### About this task:
Repeat every line of the listing below exactly, minus the pictures.

-- Data section follows --

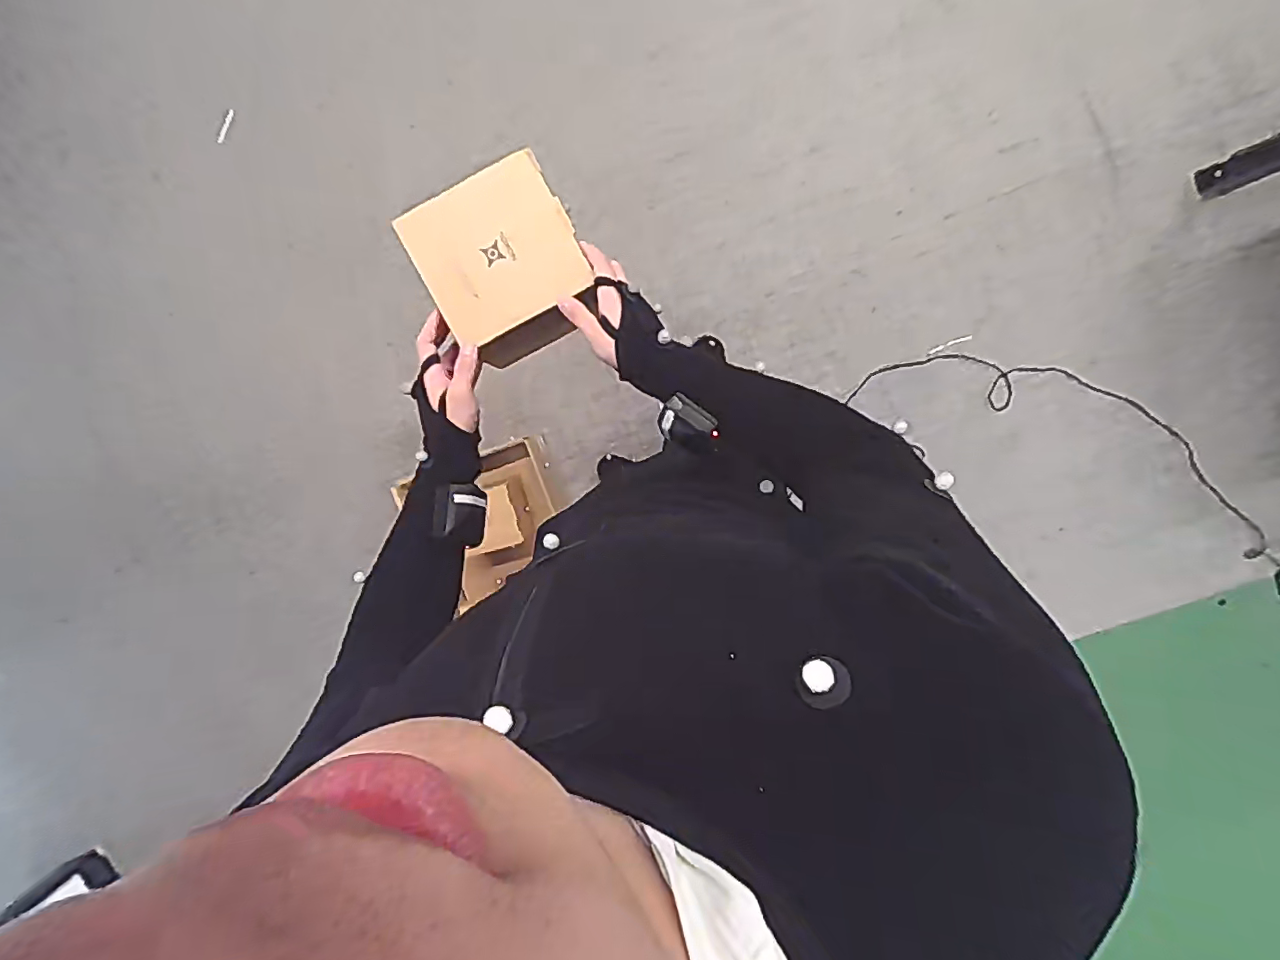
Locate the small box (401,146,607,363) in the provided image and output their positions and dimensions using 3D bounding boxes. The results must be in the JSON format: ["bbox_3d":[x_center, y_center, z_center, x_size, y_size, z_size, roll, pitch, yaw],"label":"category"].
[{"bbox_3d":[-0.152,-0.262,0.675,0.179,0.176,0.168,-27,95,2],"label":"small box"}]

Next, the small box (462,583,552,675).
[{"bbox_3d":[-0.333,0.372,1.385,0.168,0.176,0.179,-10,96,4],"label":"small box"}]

-- Data section concluded --

### The answer:
Locate the small box (401,146,607,363) in the provided image and output their positions and dimensions using 3D bounding boxes. The results must be in the JSON format: ["bbox_3d":[x_center, y_center, z_center, x_size, y_size, z_size, roll, pitch, yaw],"label":"category"].
[{"bbox_3d":[-0.152,-0.262,0.675,0.179,0.176,0.168,-27,95,2],"label":"small box"}]

Next, the small box (462,583,552,675).
[{"bbox_3d":[-0.333,0.372,1.385,0.168,0.176,0.179,-10,96,4],"label":"small box"}]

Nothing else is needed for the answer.